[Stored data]
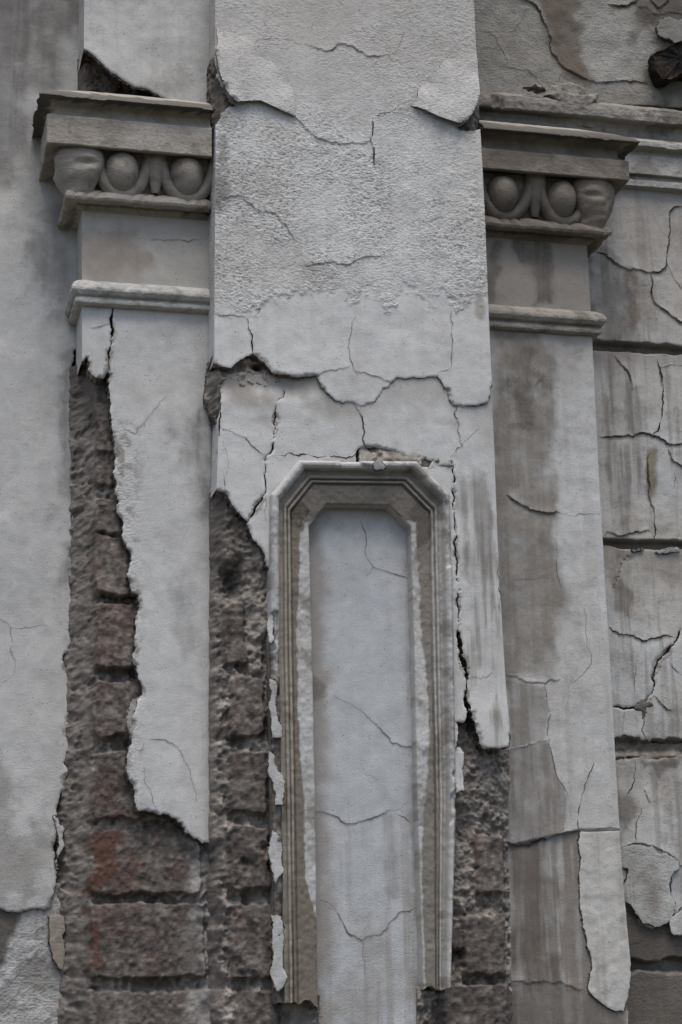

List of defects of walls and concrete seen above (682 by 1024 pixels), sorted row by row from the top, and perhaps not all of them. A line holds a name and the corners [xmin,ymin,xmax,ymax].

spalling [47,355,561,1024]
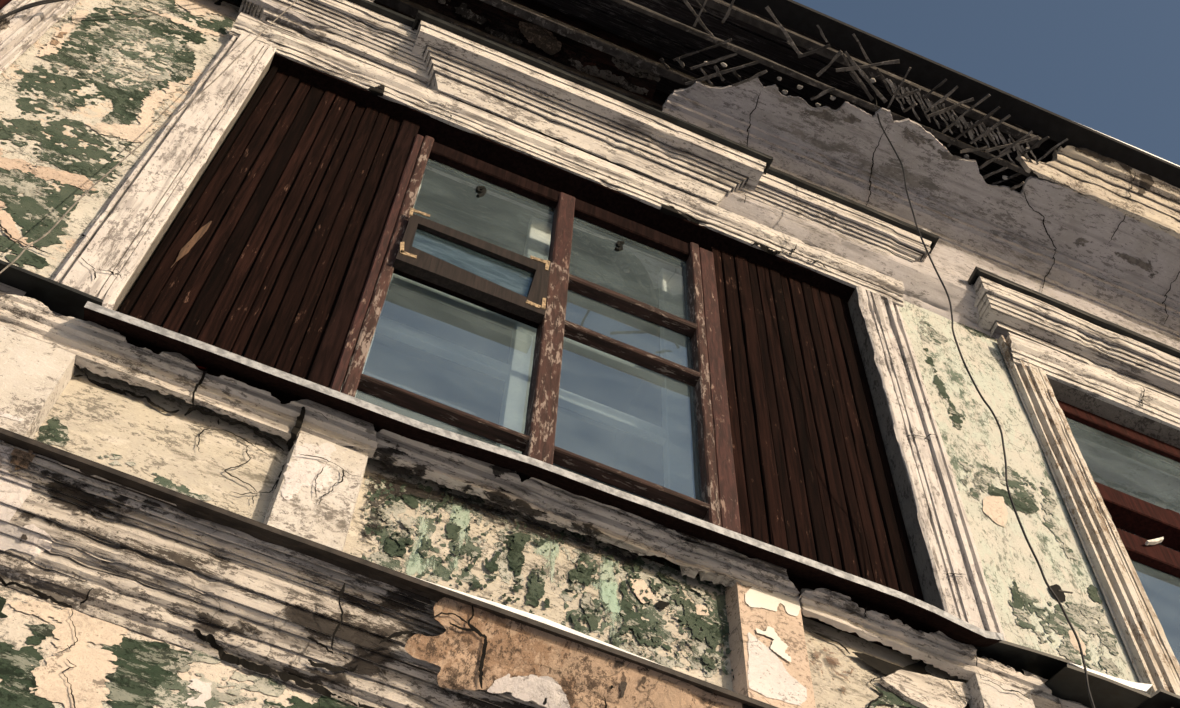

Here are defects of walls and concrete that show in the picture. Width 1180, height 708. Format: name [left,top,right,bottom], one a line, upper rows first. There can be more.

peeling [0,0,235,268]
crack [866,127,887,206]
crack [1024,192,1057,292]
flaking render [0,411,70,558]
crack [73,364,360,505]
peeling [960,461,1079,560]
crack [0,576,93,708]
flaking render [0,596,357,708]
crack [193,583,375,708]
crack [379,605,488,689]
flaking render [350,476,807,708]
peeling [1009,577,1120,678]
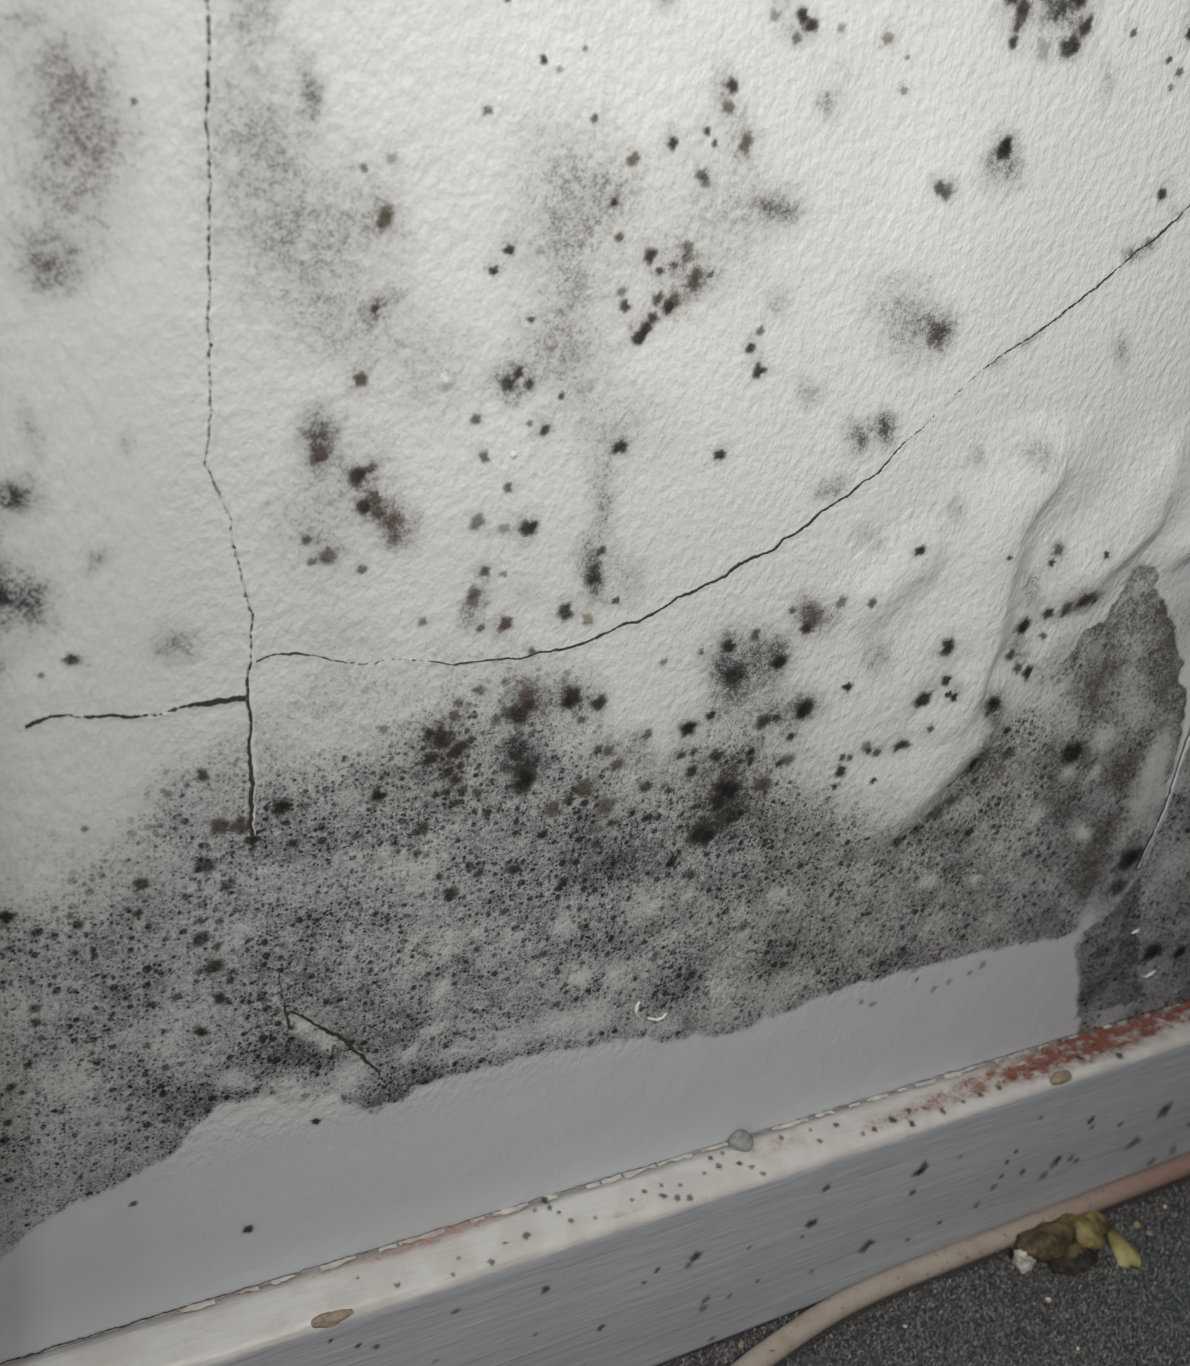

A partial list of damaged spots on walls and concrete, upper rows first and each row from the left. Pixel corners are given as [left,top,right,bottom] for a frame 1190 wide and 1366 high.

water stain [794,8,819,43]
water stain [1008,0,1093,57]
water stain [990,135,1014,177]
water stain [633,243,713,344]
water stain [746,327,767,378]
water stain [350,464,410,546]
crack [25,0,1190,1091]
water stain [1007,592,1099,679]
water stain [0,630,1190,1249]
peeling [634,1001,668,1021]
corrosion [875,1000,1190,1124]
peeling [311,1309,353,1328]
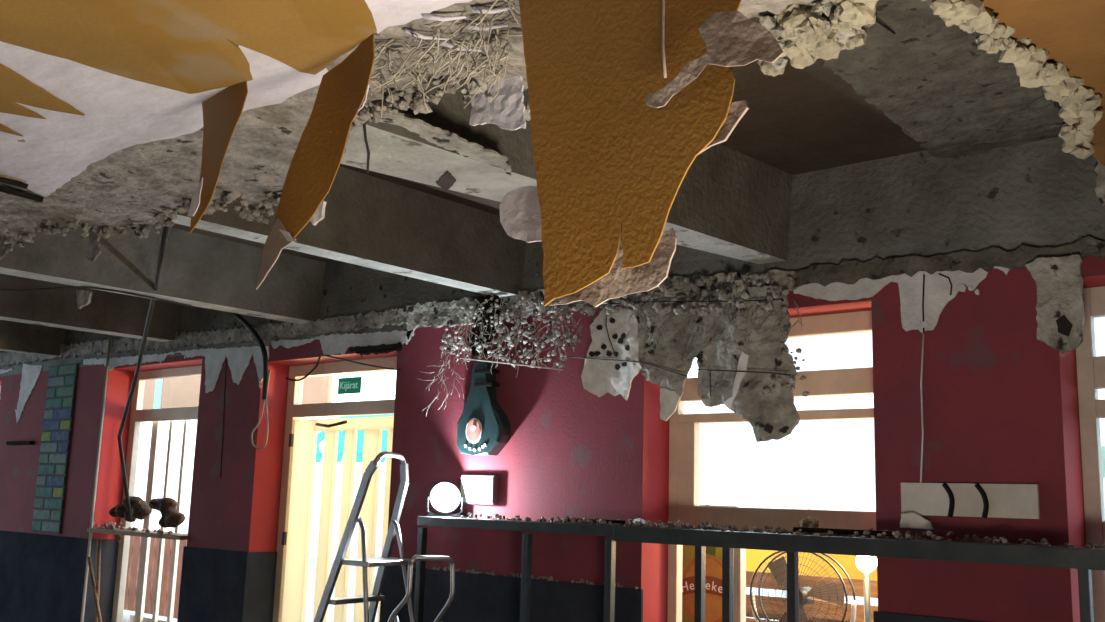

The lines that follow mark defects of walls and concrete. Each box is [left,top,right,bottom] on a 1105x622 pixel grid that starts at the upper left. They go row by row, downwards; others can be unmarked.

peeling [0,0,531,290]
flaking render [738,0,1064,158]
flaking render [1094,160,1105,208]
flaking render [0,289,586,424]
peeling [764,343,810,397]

Assignment >>
The data above should be restated exactly, with its images dropped.

Task answer >>
List of defects of walls and concrete seen above (682 by 1024 pixels), sorted row by row from the top, and perhaps not all of them. A line holds a name and the corners [xmin,ymin,xmax,ymax].

spalling [47,355,561,1024]

Here are defects of walls and concrete that show in the picture. Width 1180, height 708. Format: name [left,top,right,bottom], one a line, upper rows first. There can be more.

peeling [0,0,235,268]
crack [866,127,887,206]
crack [1024,192,1057,292]
flaking render [0,411,70,558]
crack [73,364,360,505]
peeling [960,461,1079,560]
crack [0,576,93,708]
flaking render [0,596,357,708]
crack [193,583,375,708]
crack [379,605,488,689]
flaking render [350,476,807,708]
peeling [1009,577,1120,678]

A partial list of damaged spots on walls and concrete, upper rows first and each row from the left. Pixel corners are given as [left,top,right,bottom] for a frame 1190 wide and 1366 high.

water stain [794,8,819,43]
water stain [1008,0,1093,57]
water stain [990,135,1014,177]
water stain [633,243,713,344]
water stain [746,327,767,378]
water stain [350,464,410,546]
crack [25,0,1190,1091]
water stain [1007,592,1099,679]
water stain [0,630,1190,1249]
peeling [634,1001,668,1021]
corrosion [875,1000,1190,1124]
peeling [311,1309,353,1328]

The lines that follow mark defects of walls and concrete. Each box is [left,top,right,bottom] on a 1105x622 pixel grid that starts at the upper left. They go row by row, downwards; others can be unmarked.

peeling [0,0,531,290]
flaking render [738,0,1064,158]
flaking render [1094,160,1105,208]
flaking render [0,289,586,424]
peeling [764,343,810,397]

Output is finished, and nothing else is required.